Containing the Artifact 

   When packaging your artifact, please keep in mind: a) how accessible you are making your artifact to other researchers, and b) the fact that the AEC members will have a limited time in which to make an assessment of each artifact. 

Your artifact should have a container or a bootable virtual machine image with all of the necessary libraries installed.  

We strongly recommend use of the following technologies to contain the artifact: 

  1. Docker (https://www.docker.com
  2. VirtualBox (https://www.virtualbox.org

Other technologies that authors may find helpful are: 

  1. Packer (https://www.packer.io) for scripting, and staging, container/virtual machine creation.  

Using a container or a virtual machine image provides a way to make an easily reproducible environment — it is less susceptible to bit rot.  It also helps the AEC have confidence that errors or other problems cannot cause harm to their machines. 

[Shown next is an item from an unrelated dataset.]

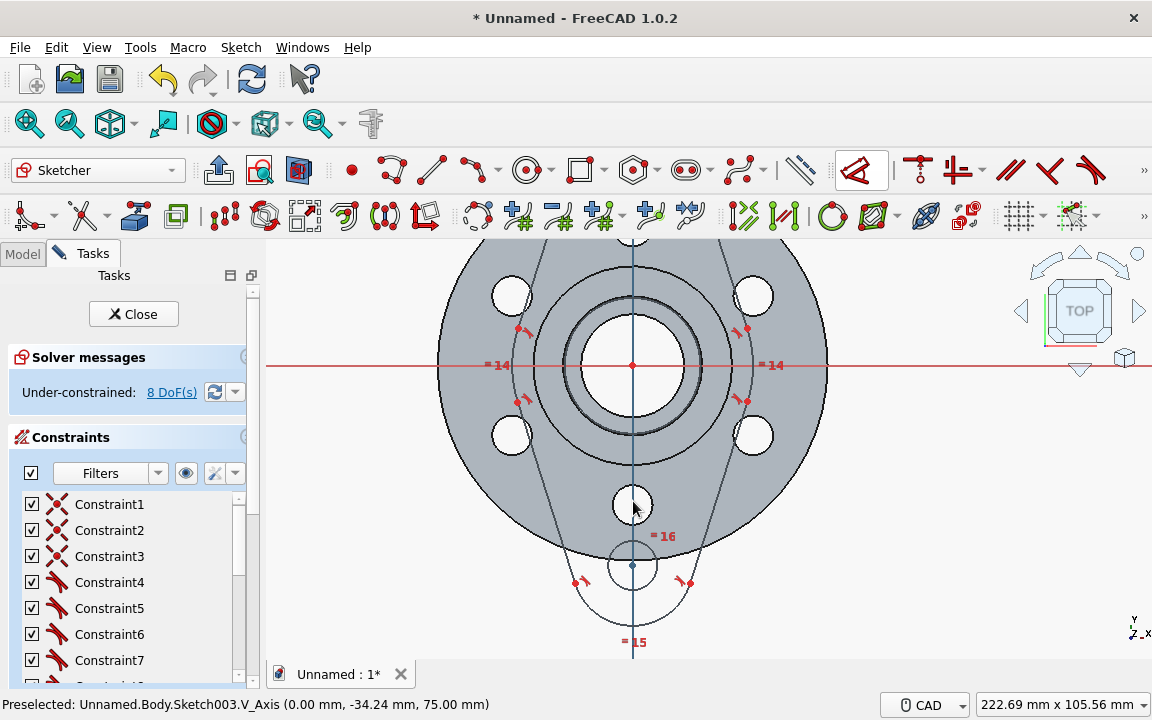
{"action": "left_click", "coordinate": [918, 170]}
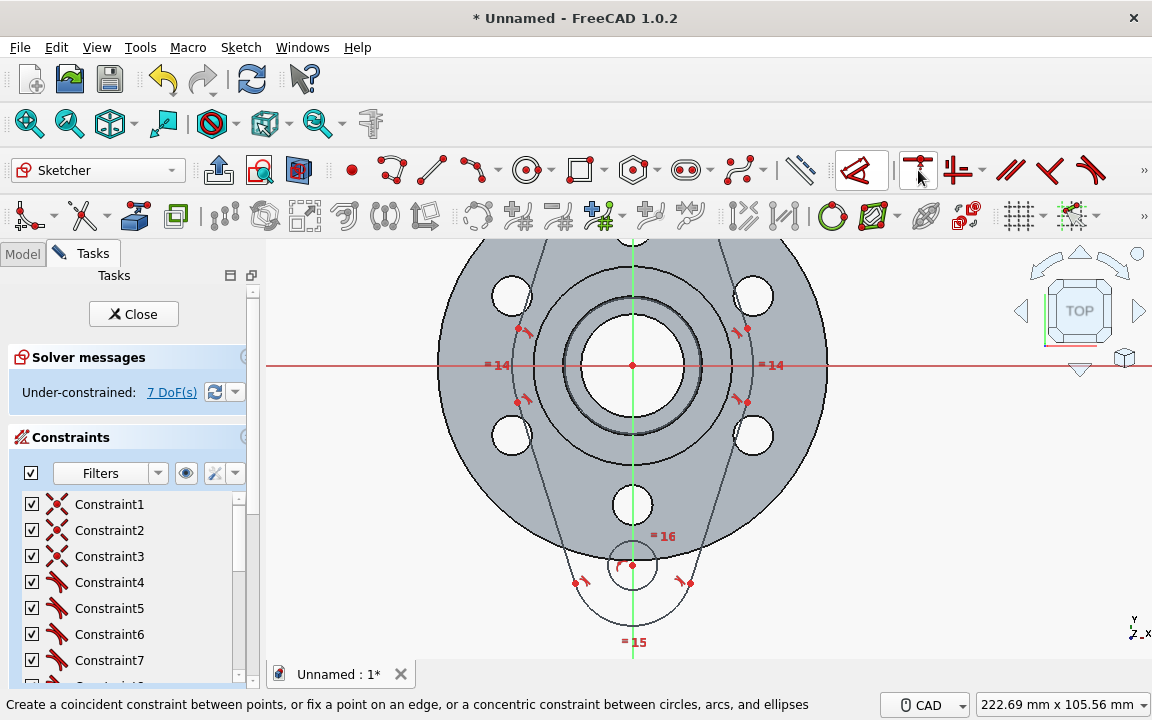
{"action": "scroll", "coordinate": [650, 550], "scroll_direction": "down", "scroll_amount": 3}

It would also be prudent to be mindful of the final size of the resulting container/virtual machine.  Anything greater than 1 GB in size can be a hefty download for those not on University networks.  There are small, more lightweight, Linux Distributions that can help reduce the virtual machine/container size to a couple hundred megabytes rather than several gigabytes.  One can also strip the virtual machine of unnecessary software. There are guides out there for how to do this. Moreover, is a full GUI necessary or is a purely TUI good enough for submission?

We stress that authors should consider how they can reduce the size of your artifact to only the necessary components. 

You should upload your artifact to Zenodo and submit the Zenodo link. Please use open formats for documents. 

Discussion with Reviewers 

We expect each artifact to receive 3-4 reviews. 

Throughout the review period, reviews will be submitted to HotCRP and will be (approximately) continuously visible to authors.  AEC reviewers will be able to continuously interact (anonymously) with authors for clarifications, system-specific patches, and other logistics to help ensure that the artifact can be evaluated.  The goal of continuous interaction is to prevent rejecting artifacts for a “wrong library version” types of problems. 

Distinguished Artifacts 

Based on the reviews and discussion among the AEC, one or more artifacts will be selected for Distinguished Artifact awards.